-------- GIVEN INFORMATION --------

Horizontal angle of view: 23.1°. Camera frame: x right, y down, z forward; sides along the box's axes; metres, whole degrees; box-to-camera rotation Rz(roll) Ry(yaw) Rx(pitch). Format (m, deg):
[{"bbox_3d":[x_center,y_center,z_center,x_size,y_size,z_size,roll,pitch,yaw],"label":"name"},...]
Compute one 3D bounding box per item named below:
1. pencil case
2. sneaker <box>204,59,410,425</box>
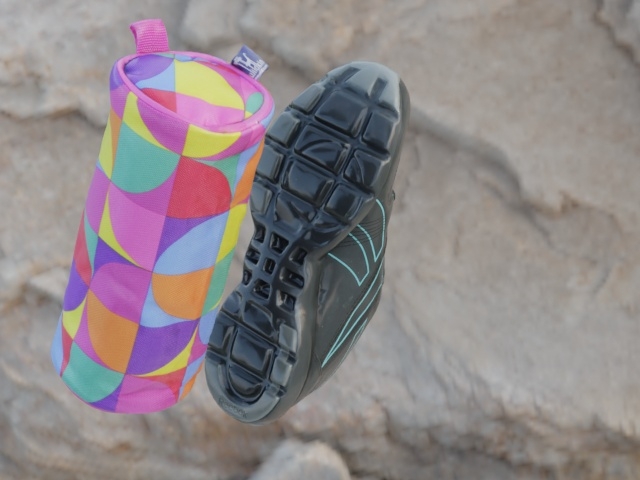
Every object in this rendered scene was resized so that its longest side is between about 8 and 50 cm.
[{"bbox_3d":[-0.098,-0.007,0.945,0.104,0.236,0.104,13,32,-8],"label":"pencil case"},{"bbox_3d":[0.000,0.000,1.105,0.101,0.267,0.106,30,15,29],"label":"sneaker"}]

--------

-- WORK INSTRUCTIONS --
An exact copy of every entry above is needed, with the pictures left out.

-- TASK ANSWER --
Horizontal angle of view: 23.1°. Camera frame: x right, y down, z forward; sides along the box's axes; metres, whole degrees; box-to-camera rotation Rz(roll) Ry(yaw) Rx(pitch). Format (m, deg):
[{"bbox_3d":[x_center,y_center,z_center,x_size,y_size,z_size,roll,pitch,yaw],"label":"name"},...]
Compute one 3D bounding box per item named below:
1. pencil case
2. sneaker <box>204,59,410,425</box>
Every object in this rendered scene was resized so that its longest side is between about 8 and 50 cm.
[{"bbox_3d":[-0.098,-0.007,0.945,0.104,0.236,0.104,13,32,-8],"label":"pencil case"},{"bbox_3d":[0.000,0.000,1.105,0.101,0.267,0.106,30,15,29],"label":"sneaker"}]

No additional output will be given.